■ **Task brief**
The data below calls for an exact copy.

(Records from a data collection)
================
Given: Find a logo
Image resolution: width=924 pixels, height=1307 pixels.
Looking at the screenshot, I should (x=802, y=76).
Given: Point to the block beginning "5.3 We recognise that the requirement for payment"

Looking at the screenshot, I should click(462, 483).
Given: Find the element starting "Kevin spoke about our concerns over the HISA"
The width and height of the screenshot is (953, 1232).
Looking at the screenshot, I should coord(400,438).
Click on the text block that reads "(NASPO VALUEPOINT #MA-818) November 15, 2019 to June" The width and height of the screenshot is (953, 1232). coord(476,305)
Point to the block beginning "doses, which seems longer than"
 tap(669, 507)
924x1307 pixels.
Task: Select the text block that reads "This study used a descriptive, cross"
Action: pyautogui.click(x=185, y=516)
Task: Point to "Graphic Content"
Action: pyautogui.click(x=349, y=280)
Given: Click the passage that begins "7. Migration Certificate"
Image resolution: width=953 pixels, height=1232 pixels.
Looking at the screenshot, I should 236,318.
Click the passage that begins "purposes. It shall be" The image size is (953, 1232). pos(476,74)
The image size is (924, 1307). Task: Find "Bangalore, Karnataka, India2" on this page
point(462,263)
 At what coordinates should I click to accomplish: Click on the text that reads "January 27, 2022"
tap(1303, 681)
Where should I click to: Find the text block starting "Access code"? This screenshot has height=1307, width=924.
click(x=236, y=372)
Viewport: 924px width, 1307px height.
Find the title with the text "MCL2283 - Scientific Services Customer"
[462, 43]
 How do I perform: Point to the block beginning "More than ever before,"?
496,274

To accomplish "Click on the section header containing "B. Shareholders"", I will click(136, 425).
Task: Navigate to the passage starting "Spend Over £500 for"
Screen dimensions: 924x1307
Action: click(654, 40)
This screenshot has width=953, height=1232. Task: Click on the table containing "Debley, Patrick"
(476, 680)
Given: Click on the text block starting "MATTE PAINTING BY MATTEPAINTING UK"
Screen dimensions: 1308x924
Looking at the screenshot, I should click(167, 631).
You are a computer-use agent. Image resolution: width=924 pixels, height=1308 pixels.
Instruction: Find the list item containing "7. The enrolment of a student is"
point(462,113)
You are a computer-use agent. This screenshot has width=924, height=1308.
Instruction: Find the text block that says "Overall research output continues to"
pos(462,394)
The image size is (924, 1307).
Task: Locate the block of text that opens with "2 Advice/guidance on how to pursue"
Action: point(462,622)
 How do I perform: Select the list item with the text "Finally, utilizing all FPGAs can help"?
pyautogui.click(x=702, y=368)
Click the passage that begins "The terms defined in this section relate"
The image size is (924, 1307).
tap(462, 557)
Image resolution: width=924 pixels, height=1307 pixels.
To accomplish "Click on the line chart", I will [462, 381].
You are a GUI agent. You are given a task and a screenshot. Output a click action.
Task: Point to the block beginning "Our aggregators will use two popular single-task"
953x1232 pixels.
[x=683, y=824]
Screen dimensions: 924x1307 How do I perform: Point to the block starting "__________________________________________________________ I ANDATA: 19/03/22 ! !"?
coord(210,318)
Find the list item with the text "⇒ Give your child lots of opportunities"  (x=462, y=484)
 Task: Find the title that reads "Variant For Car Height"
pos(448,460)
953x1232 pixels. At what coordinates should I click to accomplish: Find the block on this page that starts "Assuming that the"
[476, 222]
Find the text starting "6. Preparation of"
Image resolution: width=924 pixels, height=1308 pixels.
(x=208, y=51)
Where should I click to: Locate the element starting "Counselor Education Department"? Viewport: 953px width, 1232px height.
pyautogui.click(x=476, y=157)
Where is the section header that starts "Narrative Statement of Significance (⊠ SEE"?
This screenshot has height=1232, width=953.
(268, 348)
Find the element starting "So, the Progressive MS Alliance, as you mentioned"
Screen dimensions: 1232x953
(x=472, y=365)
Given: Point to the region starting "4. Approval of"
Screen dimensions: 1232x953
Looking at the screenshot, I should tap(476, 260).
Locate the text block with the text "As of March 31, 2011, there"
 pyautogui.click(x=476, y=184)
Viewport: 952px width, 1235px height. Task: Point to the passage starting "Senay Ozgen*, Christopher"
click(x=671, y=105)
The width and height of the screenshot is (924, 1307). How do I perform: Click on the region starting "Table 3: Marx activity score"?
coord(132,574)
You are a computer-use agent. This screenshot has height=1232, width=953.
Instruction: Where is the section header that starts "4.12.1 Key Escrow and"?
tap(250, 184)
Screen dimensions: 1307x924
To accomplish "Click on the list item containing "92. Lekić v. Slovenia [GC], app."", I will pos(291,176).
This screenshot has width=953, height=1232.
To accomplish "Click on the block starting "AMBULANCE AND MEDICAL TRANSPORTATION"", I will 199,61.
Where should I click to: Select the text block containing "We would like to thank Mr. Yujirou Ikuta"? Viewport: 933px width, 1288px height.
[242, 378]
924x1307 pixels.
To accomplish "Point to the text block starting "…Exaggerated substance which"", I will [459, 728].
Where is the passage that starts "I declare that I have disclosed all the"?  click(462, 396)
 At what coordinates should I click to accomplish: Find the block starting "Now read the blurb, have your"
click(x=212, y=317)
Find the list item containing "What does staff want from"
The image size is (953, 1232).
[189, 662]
================
■ **Answer space**
Given: Find a logo
Image resolution: width=924 pixels, height=1307 pixels.
Looking at the screenshot, I should (x=802, y=76).
Given: Point to the block beginning "5.3 We recognise that the requirement for payment"

Looking at the screenshot, I should click(462, 483).
Given: Find the element starting "Kevin spoke about our concerns over the HISA"
The width and height of the screenshot is (953, 1232).
Looking at the screenshot, I should coord(400,438).
Click on the text block that reads "(NASPO VALUEPOINT #MA-818) November 15, 2019 to June" The width and height of the screenshot is (953, 1232). coord(476,305)
Point to the block beginning "doses, which seems longer than"
 tap(669, 507)
924x1307 pixels.
Task: Select the text block that reads "This study used a descriptive, cross"
Action: pyautogui.click(x=185, y=516)
Task: Point to "Graphic Content"
Action: pyautogui.click(x=349, y=280)
Given: Click the passage that begins "7. Migration Certificate"
Image resolution: width=953 pixels, height=1232 pixels.
Looking at the screenshot, I should 236,318.
Click the passage that begins "purposes. It shall be" The image size is (953, 1232). pos(476,74)
The image size is (924, 1307). Task: Find "Bangalore, Karnataka, India2" on this page
point(462,263)
 At what coordinates should I click to accomplish: Click on the text that reads "January 27, 2022"
tap(1303, 681)
Where should I click to: Find the text block starting "Access code"? This screenshot has height=1307, width=924.
click(x=236, y=372)
Viewport: 924px width, 1307px height.
Find the title with the text "MCL2283 - Scientific Services Customer"
[462, 43]
 How do I perform: Point to the block beginning "More than ever before,"?
496,274

To accomplish "Click on the section header containing "B. Shareholders"", I will click(136, 425).
Task: Navigate to the passage starting "Spend Over £500 for"
Screen dimensions: 924x1307
Action: click(654, 40)
This screenshot has width=953, height=1232. Task: Click on the table containing "Debley, Patrick"
(476, 680)
Given: Click on the text block starting "MATTE PAINTING BY MATTEPAINTING UK"
Screen dimensions: 1308x924
Looking at the screenshot, I should click(167, 631).
You are a computer-use agent. Image resolution: width=924 pixels, height=1308 pixels.
Instruction: Find the list item containing "7. The enrolment of a student is"
point(462,113)
You are a computer-use agent. This screenshot has width=924, height=1308.
Instruction: Find the text block that says "Overall research output continues to"
pos(462,394)
The image size is (924, 1307).
Task: Locate the block of text that opens with "2 Advice/guidance on how to pursue"
Action: point(462,622)
 How do I perform: Select the list item with the text "Finally, utilizing all FPGAs can help"?
pyautogui.click(x=702, y=368)
Click the passage that begins "The terms defined in this section relate"
The image size is (924, 1307).
tap(462, 557)
Image resolution: width=924 pixels, height=1307 pixels.
To accomplish "Click on the line chart", I will [462, 381].
You are a GUI agent. You are given a task and a screenshot. Output a click action.
Task: Point to the block beginning "Our aggregators will use two popular single-task"
953x1232 pixels.
[x=683, y=824]
Screen dimensions: 924x1307 How do I perform: Point to the block starting "__________________________________________________________ I ANDATA: 19/03/22 ! !"?
coord(210,318)
Find the list item with the text "⇒ Give your child lots of opportunities"  (x=462, y=484)
 Task: Find the title that reads "Variant For Car Height"
pos(448,460)
953x1232 pixels. At what coordinates should I click to accomplish: Find the block on this page that starts "Assuming that the"
[476, 222]
Find the text starting "6. Preparation of"
Image resolution: width=924 pixels, height=1308 pixels.
(x=208, y=51)
Where should I click to: Locate the element starting "Counselor Education Department"? Viewport: 953px width, 1232px height.
pyautogui.click(x=476, y=157)
Where is the section header that starts "Narrative Statement of Significance (⊠ SEE"?
This screenshot has height=1232, width=953.
(268, 348)
Find the element starting "So, the Progressive MS Alliance, as you mentioned"
Screen dimensions: 1232x953
(x=472, y=365)
Given: Point to the region starting "4. Approval of"
Screen dimensions: 1232x953
Looking at the screenshot, I should tap(476, 260).
Locate the text block with the text "As of March 31, 2011, there"
 pyautogui.click(x=476, y=184)
Viewport: 952px width, 1235px height. Task: Point to the passage starting "Senay Ozgen*, Christopher"
click(x=671, y=105)
The width and height of the screenshot is (924, 1307). How do I perform: Click on the region starting "Table 3: Marx activity score"?
coord(132,574)
You are a computer-use agent. This screenshot has height=1232, width=953.
Instruction: Where is the section header that starts "4.12.1 Key Escrow and"?
tap(250, 184)
Screen dimensions: 1307x924
To accomplish "Click on the list item containing "92. Lekić v. Slovenia [GC], app."", I will pos(291,176).
This screenshot has width=953, height=1232.
To accomplish "Click on the block starting "AMBULANCE AND MEDICAL TRANSPORTATION"", I will 199,61.
Where should I click to: Select the text block containing "We would like to thank Mr. Yujirou Ikuta"? Viewport: 933px width, 1288px height.
[242, 378]
924x1307 pixels.
To accomplish "Point to the text block starting "…Exaggerated substance which"", I will [459, 728].
Where is the passage that starts "I declare that I have disclosed all the"?  click(462, 396)
 At what coordinates should I click to accomplish: Find the block starting "Now read the blurb, have your"
click(x=212, y=317)
Find the list item containing "What does staff want from"
The image size is (953, 1232).
[189, 662]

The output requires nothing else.